November 2016 

Writing:  In Writing, we just finished writing a teaching book and are moving onto how to write a narrative story.  Students are fully engaged in Writing Workshop and have learned many strategies that authors use such as: adding pages to tell more about what you know, using pictures and words to tell the story, and making sure that all of the pages fit/make sense to the story.  They have also begun working with a writing partner to share their ideas and ask clarifying questions, which prompts the writer to add more details to their piece. 

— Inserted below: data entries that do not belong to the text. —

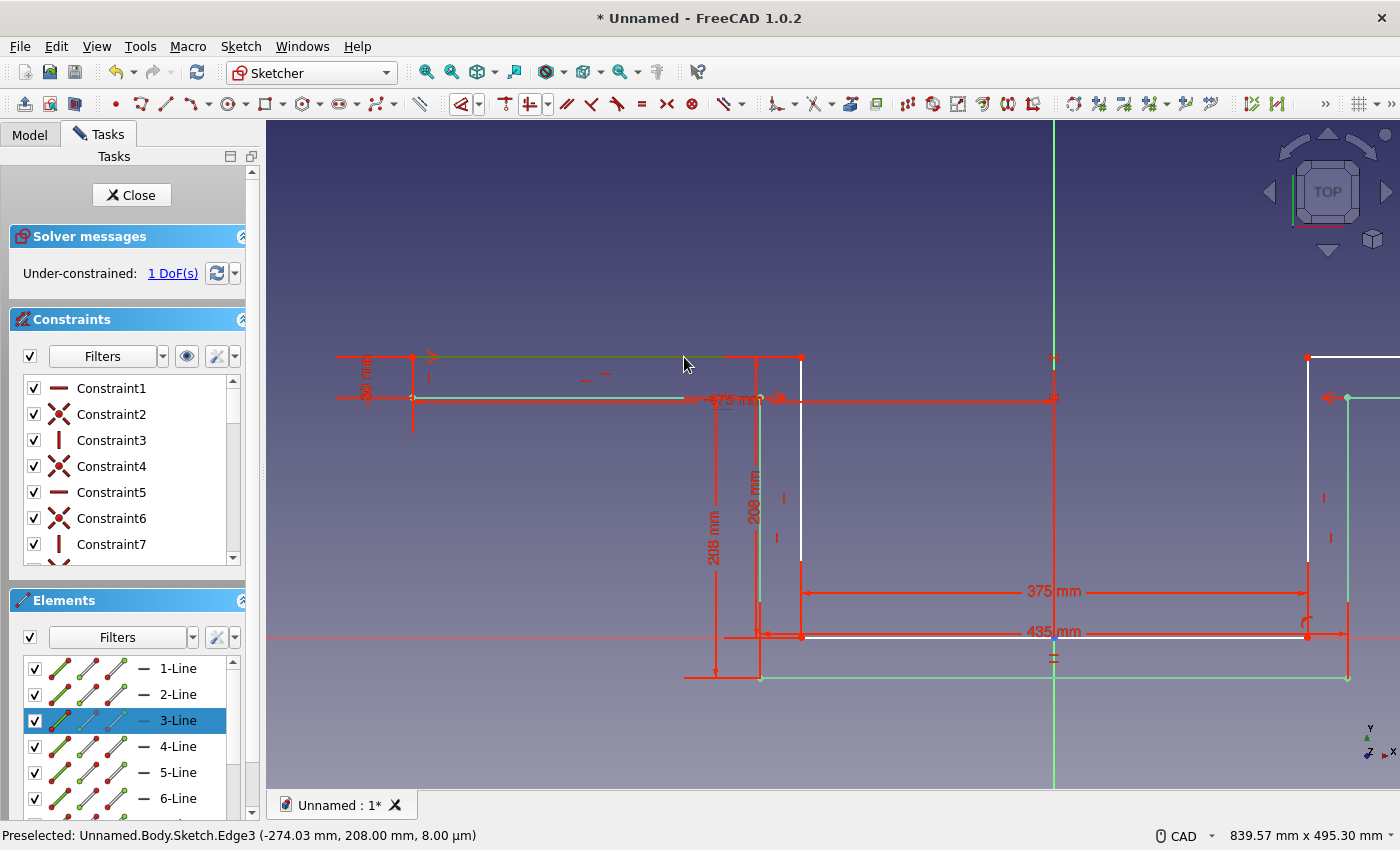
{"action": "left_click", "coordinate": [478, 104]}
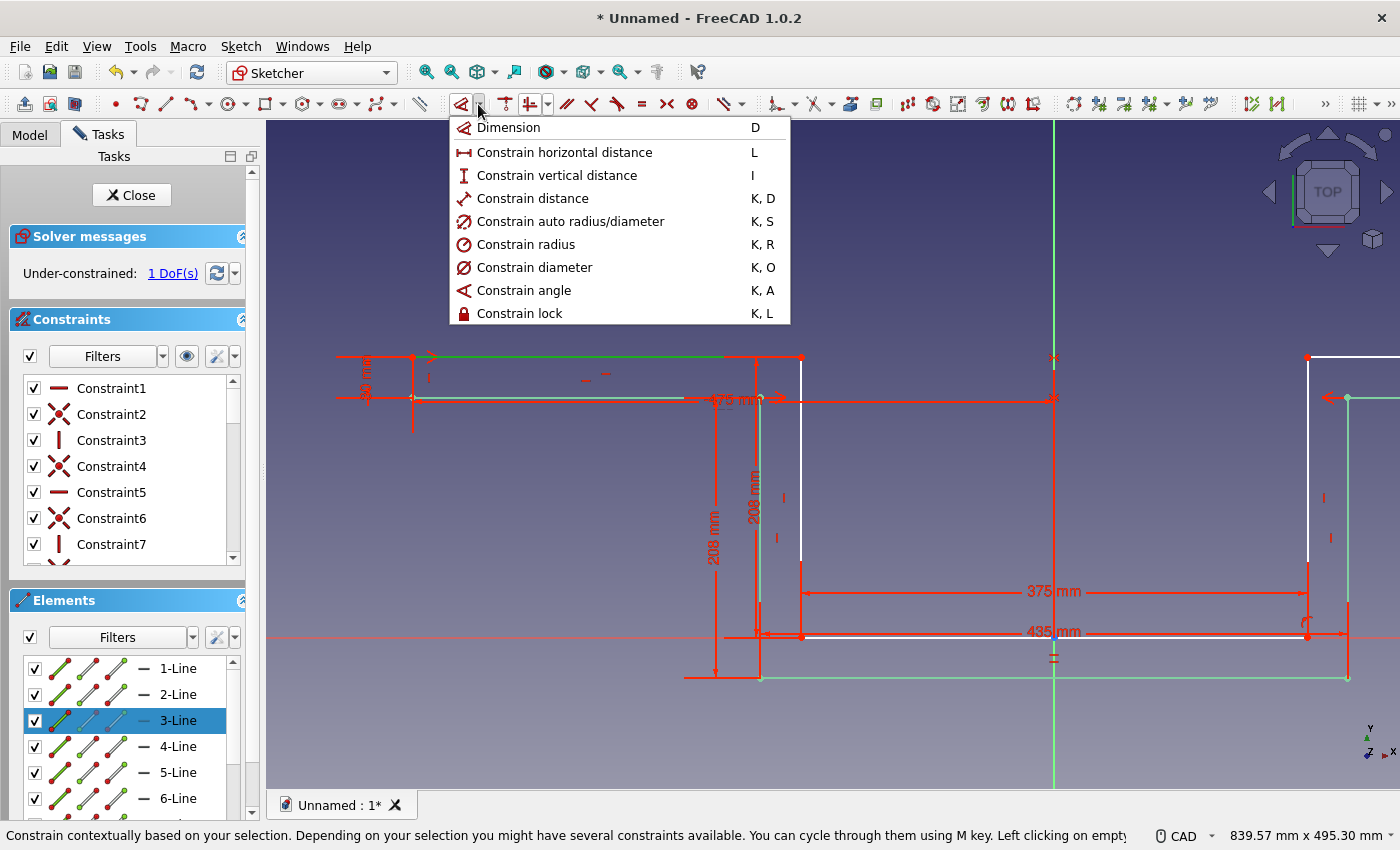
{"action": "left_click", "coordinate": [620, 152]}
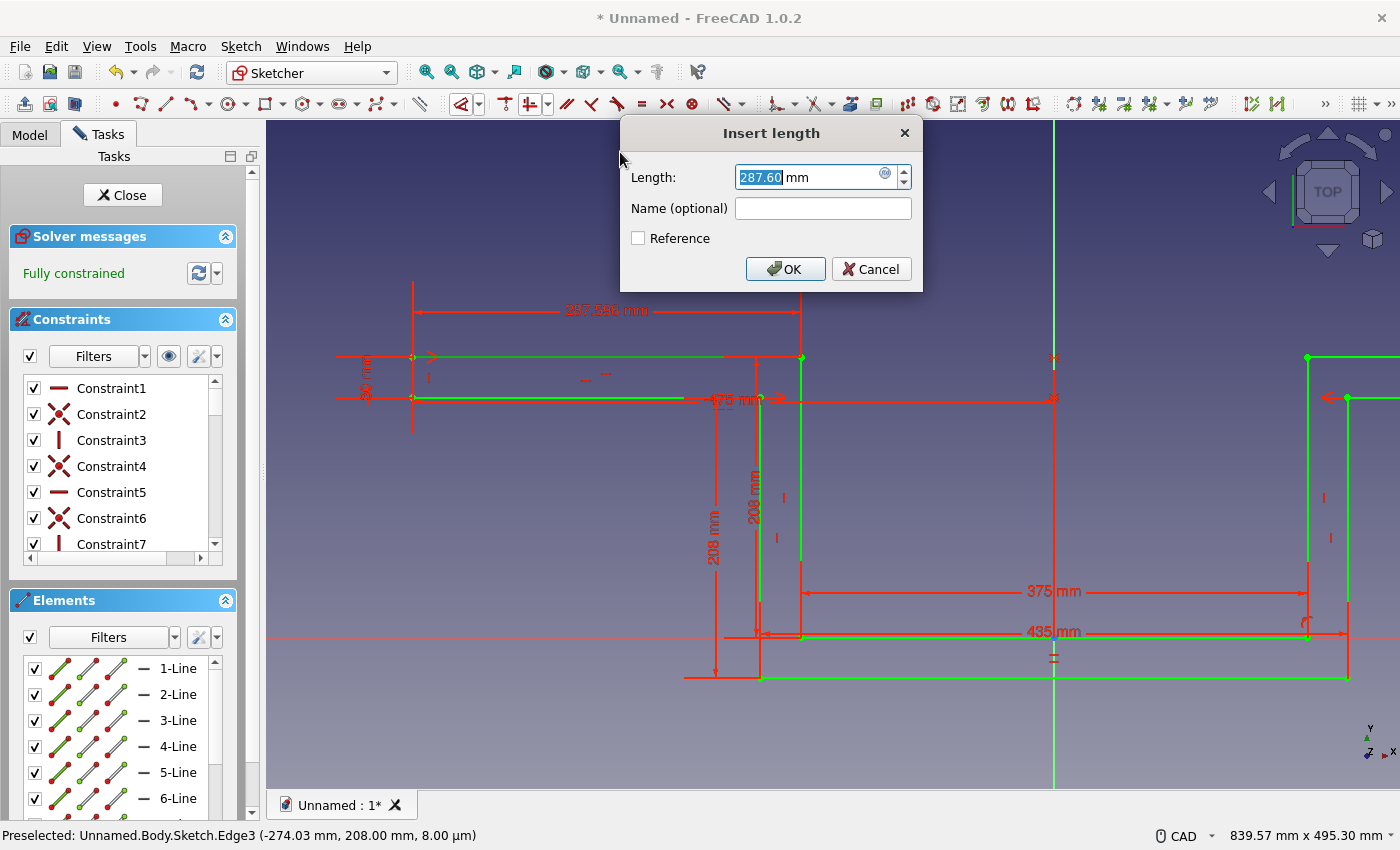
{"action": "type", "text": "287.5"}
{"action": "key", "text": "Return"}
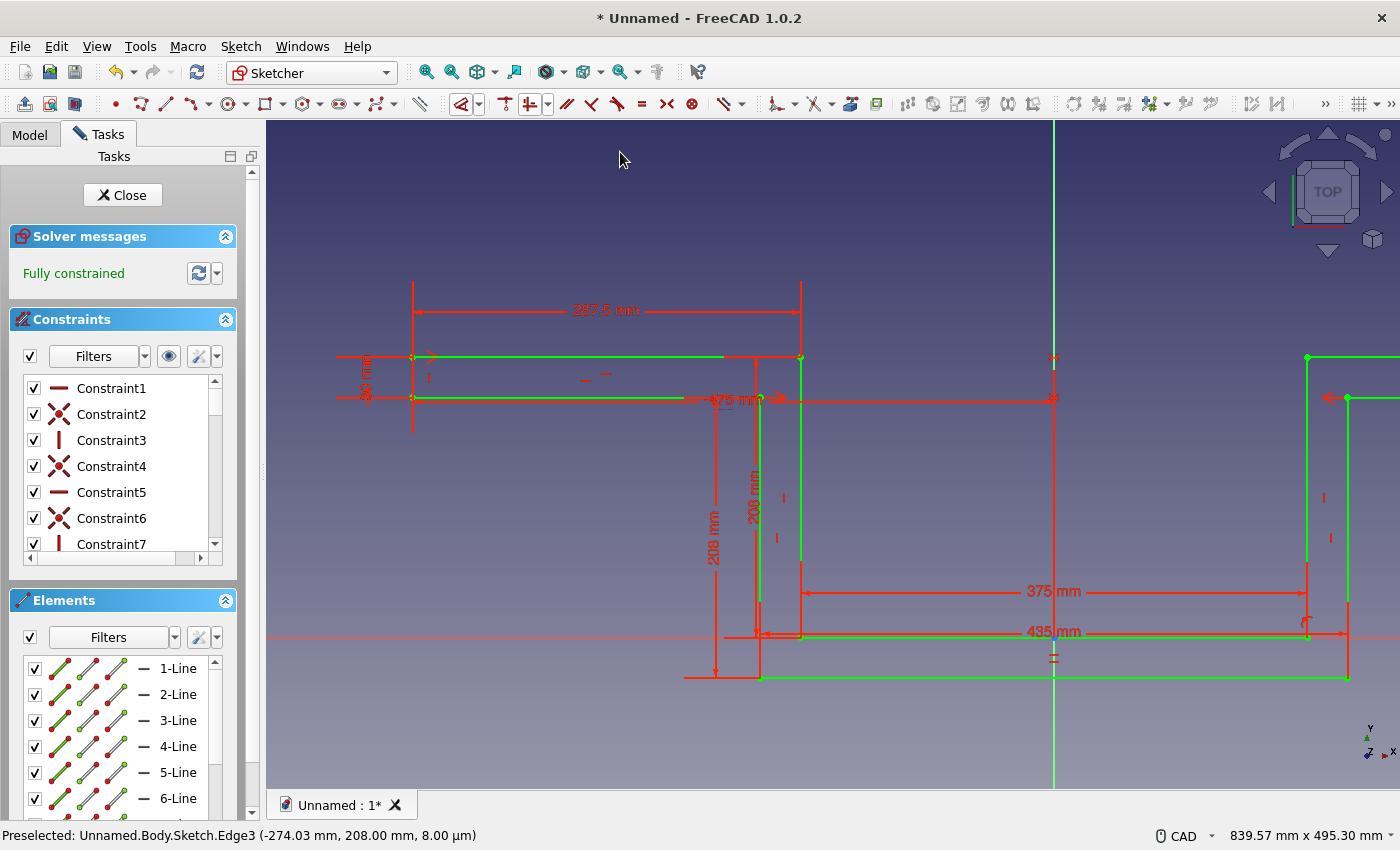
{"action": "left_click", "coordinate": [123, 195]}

Reading:  We spent time looking at the story elements of character and setting. The students created their own character stick puppet and placed them into a setting of their choice. These were then used to tell stories to a friend.  We continue to work on building our stamina during independent reading. In Fundations, we have introduced the letters/sounds: a,b,c,d,e,f,g, i, j, m, n, o, p, r, s, t, and u.  Ask your child to tell you the “story” about each letter.  For sight words, we have introduced the words: I, can, see, the, a, to, went.  Continue to highlight and practice the words on the word ring at home. If your child can identify these words, have them use them in a sentence or have your child be a “detective” and find the words he/she has learned in picture books!

Math:   We have been working on different ways to compare objects, numbers, and words.  We have talked about proper ways to measure and record your observations.  The math terms introduced during this unit are: compare, longer/shorter, same, baseline, and bigger/smaller. 

Science:   The 5 senses unit allowed us to spend some time outdoors exploring DFS using 4 of our 5 senses. We discuss but didn’t experiment with the sense of taste.  We used feeling bags, as well as smell bags to guess various objects hidden inside. This helped the students understand how important each of our senses are.  We also discussed how, when exploring the world around us, you often use more than one sense at a time.

On a different note:  Although most children grumble about doing chores, jobs at home can be a powerful way to develop “task initiation and task completion.” Chores also help children feel “worthy” and a valuable part of the family unit. We often “assume” that children know how to do a task and then we get frustrated when they don’t do it correctly. That’s why it’s important to model expectations and demonstrate. Once they have seen how to do something, independence quickly follows.  This is the model we use at school when teaching students to be independent in their work.